ServiceNow (NYSE:NOW) shares jumped roughly 4% on Wednesday after Guggenheim analyst John DiFucci raised his rating on the enterprise software company from Neutral to Buy and set a $125 price objective.
DiFucci’s new target, measured against ServiceNow’s most recent closing price of $99.28 on Tuesday, implies a valuation equal to 7.5x EV/NTM Recurring Revenue. Guggenheim acknowledged that this multiple sits at a premium relative to other software-as-a-service peers but argued the premium is warranted given the company’s profitability and growth prospects.
In his note, DiFucci wrote: "We believe current levels present an attractive opportunity for investors to purchase a comfortably profitable stock likely to continue to grow at double digits," calling out anticipated improvement in the important U.S. Federal Government sector as a key positive.
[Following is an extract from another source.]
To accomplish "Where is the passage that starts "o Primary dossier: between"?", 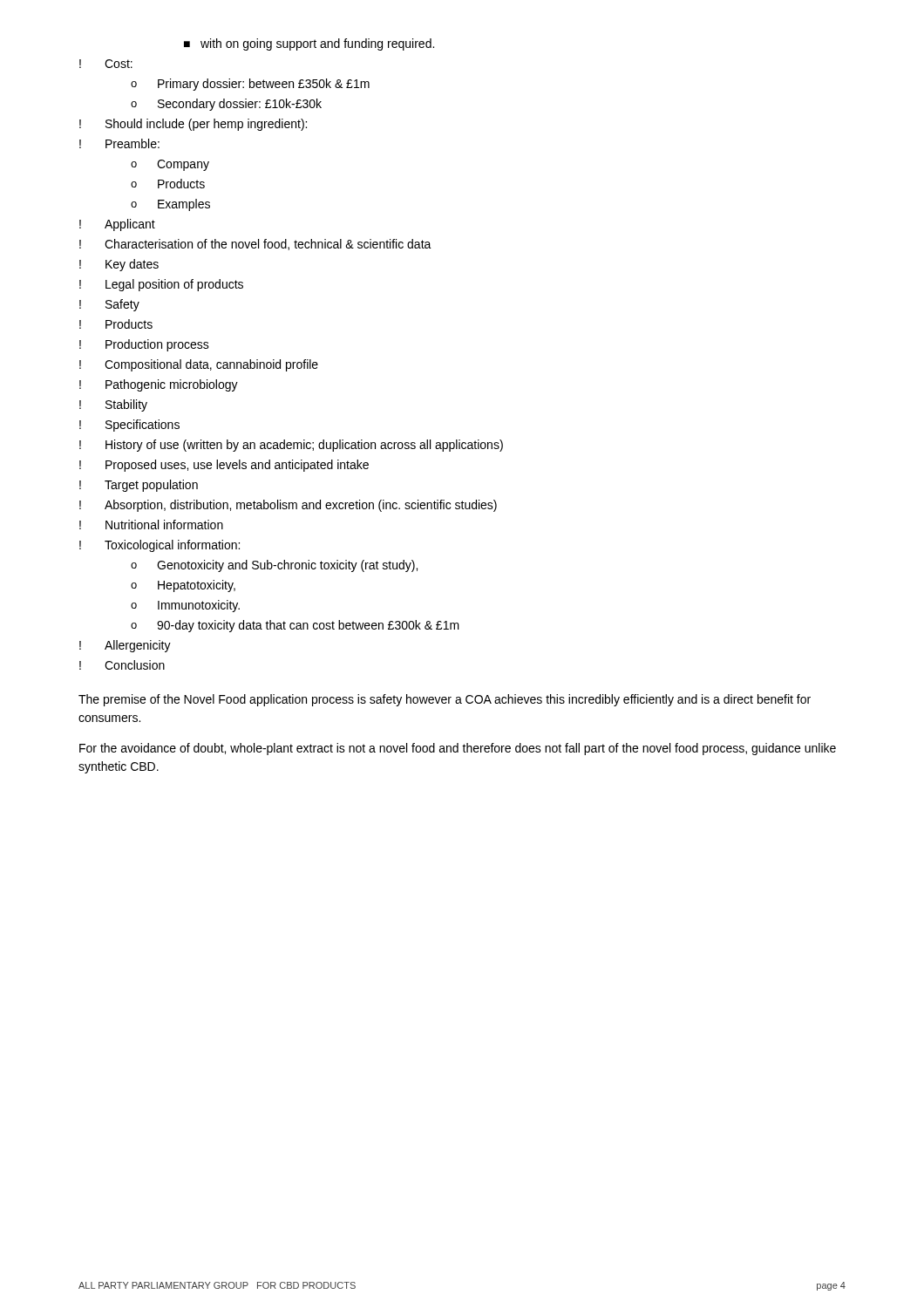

Guggenheim’s upgrade follows a period of significant underperformance for ServiceNow. Since the firm revised its view from Sell to Neutral in December 2025, the stock has lost 35% of its value. That drop has outpaced the declines in the IGV software index, which fell 16% over the same span, even as the S&P 500 gained 10%.
DiFucci’s stance on AI is cautious. He warned that meaningful AI monetization for ServiceNow is unlikely to materialize in the near term and that risks tied to AI remain "very real." At the same time, Guggenheim stopped short of labeling AI as an existential threat for the company, stating AI would not be ServiceNow’s "death knell."
The firm described ServiceNow as a well-managed company that appears undervalued in the market, even after accounting for thematic risks. Those risks, as noted by Guggenheim, include potential talent migration to AI-native startups and a continued dependence on acquisitions to drive growth - with the Armis deal cited as an example of that acquisitive strategy.
Investors and market participants will likely weigh the upgraded rating and premium valuation against the persistent uncertainties tied to AI adoption, talent dynamics, and acquisition-driven expansion as they evaluate ServiceNow’s stock going forward.